* Work task
Repeat the data exactly. Pictures are not part of the copy.

* Recorded information
▽

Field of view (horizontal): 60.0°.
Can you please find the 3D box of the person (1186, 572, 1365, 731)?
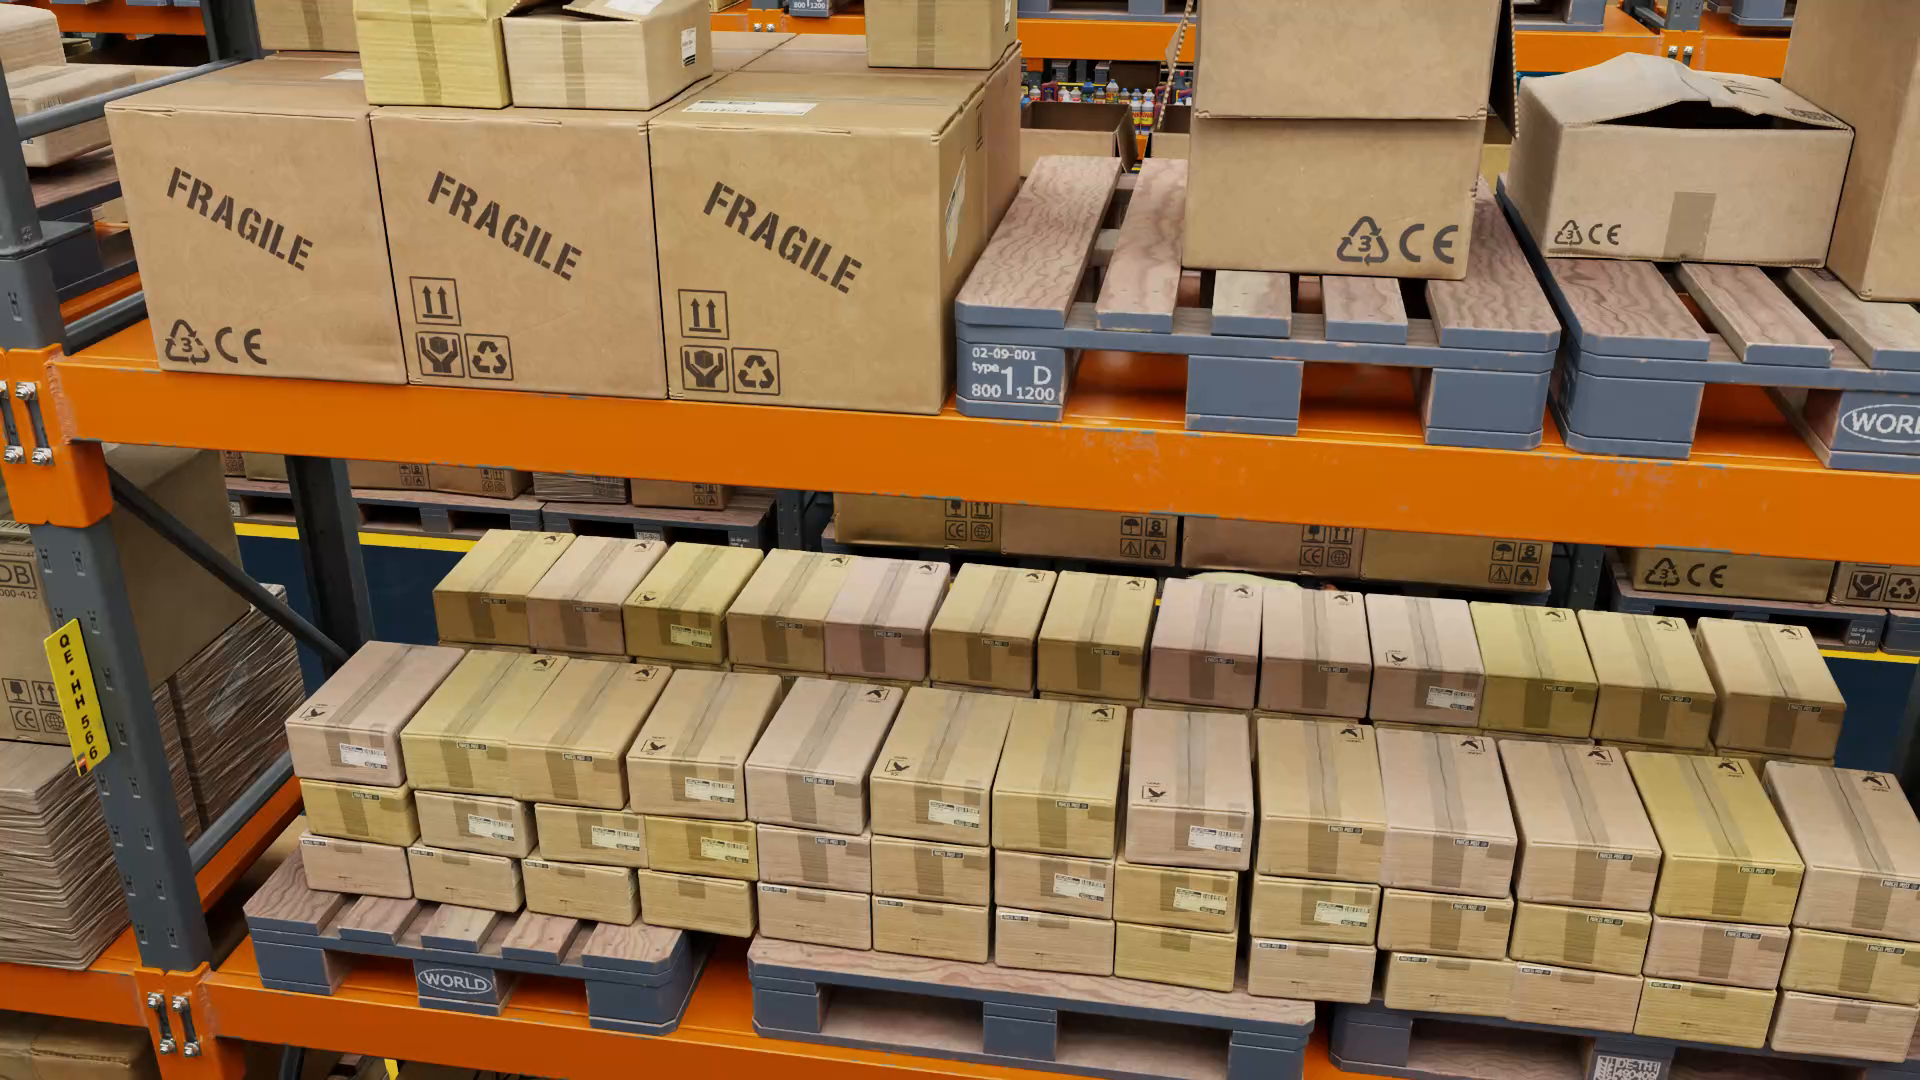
[{"bbox_3d":[1.217,0.621,6.553,0.867,1.020,0.432,3,25,7],"label":"person"}]

△

* Written solution
Field of view (horizontal): 60.0°.
Can you please find the 3D box of the person (1186, 572, 1365, 731)?
[{"bbox_3d":[1.217,0.621,6.553,0.867,1.020,0.432,3,25,7],"label":"person"}]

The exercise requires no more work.